AT A STAGGERING 1 MILLION HECTARES, Spain has more land under vine than any other country in the world, but its parched land and resulting low yields mean that it is only the third-biggest producer globally. Currently in vogue, Spain’s ripe, approachable, fruity, good-value styles are popular with consumers, press and trade alike.
Geographically, Spain’s main feature is the meseta, a huge central plateau, 600-1000m high – in fact, 90% of Spain’s vineyards are at altitudes higher than those of any of France’s major wine regions. The Cantabrian Mountains (a western spur of the Pyrenees), protects much of the country from damp, frigid Atlantic systems. There are three broad climates: extreme continental in the centre, balmy Mediterranean in the south and east, and warm, temperate-maritime in the north and west.
Spain’s wine regions are easier to understand than France’s or Italy’s. The most-important category is Denominación de Origen (DO), covering two-thirds of the national vineyard area and comprising 60-odd DOs, or appellations (e.g. Navarra). Also important is Denominación de Origen Calificada (DOC), which includes the most prestigious appellations with a long pedigree (e.g.

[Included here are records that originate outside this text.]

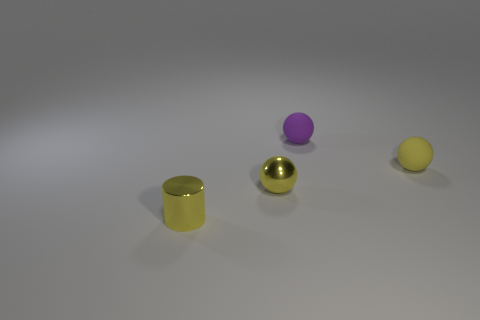There is a purple thing that is the same shape as the small yellow rubber object; what is its material?
Keep it short and to the point. Rubber. Are there an equal number of small yellow metal spheres that are left of the tiny purple matte thing and small metal things in front of the tiny metal sphere?
Keep it short and to the point. Yes. Is the material of the small purple object the same as the tiny yellow cylinder?
Your answer should be very brief. No. What number of yellow things are small matte things or cylinders?
Offer a very short reply. 2. What number of other tiny matte objects are the same shape as the small yellow matte thing?
Your answer should be compact. 1. What material is the small purple ball?
Offer a terse response. Rubber. Is the number of small spheres left of the small purple sphere the same as the number of cyan blocks?
Offer a terse response. No. There is a yellow shiny thing that is the same size as the shiny sphere; what shape is it?
Ensure brevity in your answer.  Cylinder. There is a tiny rubber sphere that is left of the tiny yellow rubber sphere; are there any tiny yellow spheres in front of it?
Give a very brief answer. Yes. How many large things are rubber objects or yellow matte things?
Provide a succinct answer. 0. 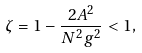<formula> <loc_0><loc_0><loc_500><loc_500>\zeta = 1 - \frac { 2 A ^ { 2 } } { N ^ { 2 } g ^ { 2 } } < 1 ,</formula> 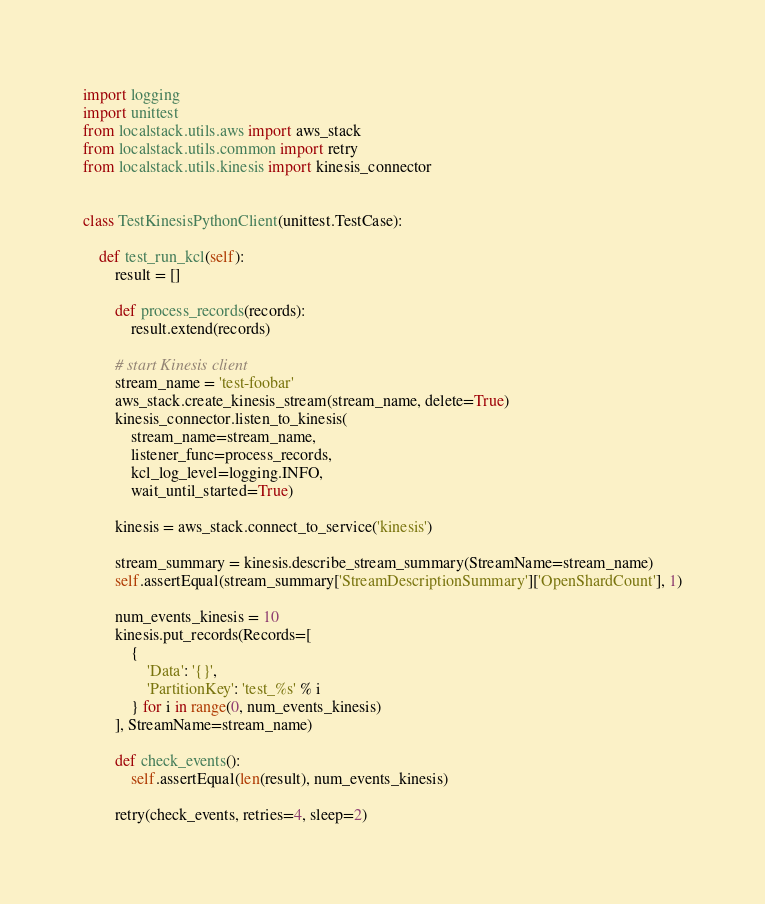<code> <loc_0><loc_0><loc_500><loc_500><_Python_>import logging
import unittest
from localstack.utils.aws import aws_stack
from localstack.utils.common import retry
from localstack.utils.kinesis import kinesis_connector


class TestKinesisPythonClient(unittest.TestCase):

    def test_run_kcl(self):
        result = []

        def process_records(records):
            result.extend(records)

        # start Kinesis client
        stream_name = 'test-foobar'
        aws_stack.create_kinesis_stream(stream_name, delete=True)
        kinesis_connector.listen_to_kinesis(
            stream_name=stream_name,
            listener_func=process_records,
            kcl_log_level=logging.INFO,
            wait_until_started=True)

        kinesis = aws_stack.connect_to_service('kinesis')

        stream_summary = kinesis.describe_stream_summary(StreamName=stream_name)
        self.assertEqual(stream_summary['StreamDescriptionSummary']['OpenShardCount'], 1)

        num_events_kinesis = 10
        kinesis.put_records(Records=[
            {
                'Data': '{}',
                'PartitionKey': 'test_%s' % i
            } for i in range(0, num_events_kinesis)
        ], StreamName=stream_name)

        def check_events():
            self.assertEqual(len(result), num_events_kinesis)

        retry(check_events, retries=4, sleep=2)
</code> 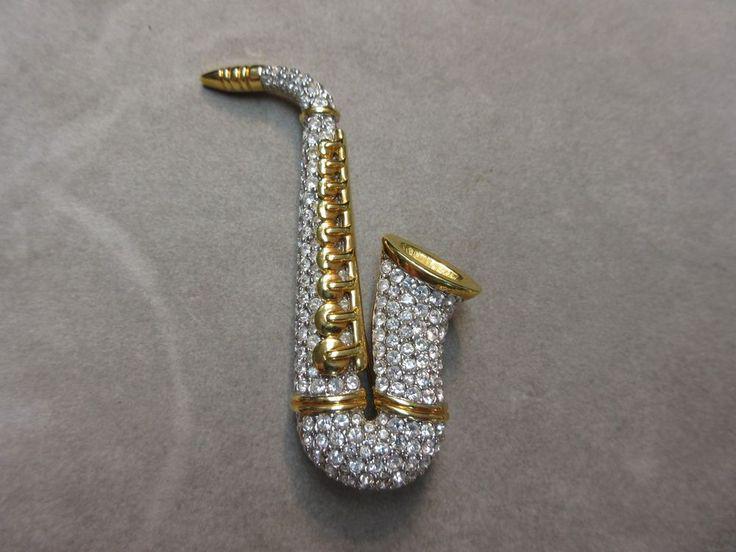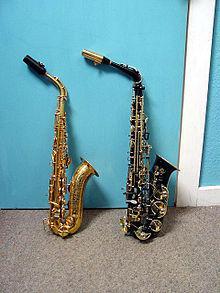The first image is the image on the left, the second image is the image on the right. Given the left and right images, does the statement "At least one image contains exactly three saxophones, and no image shows a saxophone broken down into parts." hold true? Answer yes or no. No. The first image is the image on the left, the second image is the image on the right. For the images shown, is this caption "In one image, exactly three saxophones are the same metallic color, but are different sizes and have different types of mouthpieces." true? Answer yes or no. No. 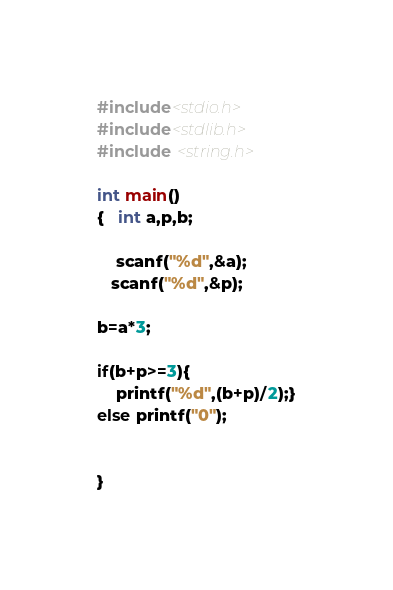<code> <loc_0><loc_0><loc_500><loc_500><_C_>#include<stdio.h>
#include<stdlib.h>
#include <string.h>

Rioja). Below this comes a significant volume of often-good Vino de la Tierra (IGP level), wine from a specified, but broad, area.
As noted, Spanish yields are naturally low as rain is scarce during the growing season and so a given patch of land cannot support very many vines or grape bunches. Since the scorching summer of 2003, irrigation has been semi-legalised (i.e. on a case-by-case basis) but most producers can’t afford to do it anyway, so aggregate cropping levels have stayed low. The flipside of these near-drought conditions is that disease pressure is minimal, so there is little need for spraying herbicides and fungicides in the vineyard.
In terms of winemaking, stainless steel and temperature-controlled fermentation tanks – formerly rare – are now standard, which has benefitted Spain’s white wines especially, nearly all of which are now fresh, clean and fruity, as opposed to brown, dull and sherried.
American oak, cheaper and more obviously flavoured than French, has traditionally been the preferred wood for barrel ageing. The French did however introduce its own barrique model of wine maturation to Rioja in the late 1800’s, from whence it spread to the rest of Spain. Tight-grained French oak has been gaining traction since the 1990s.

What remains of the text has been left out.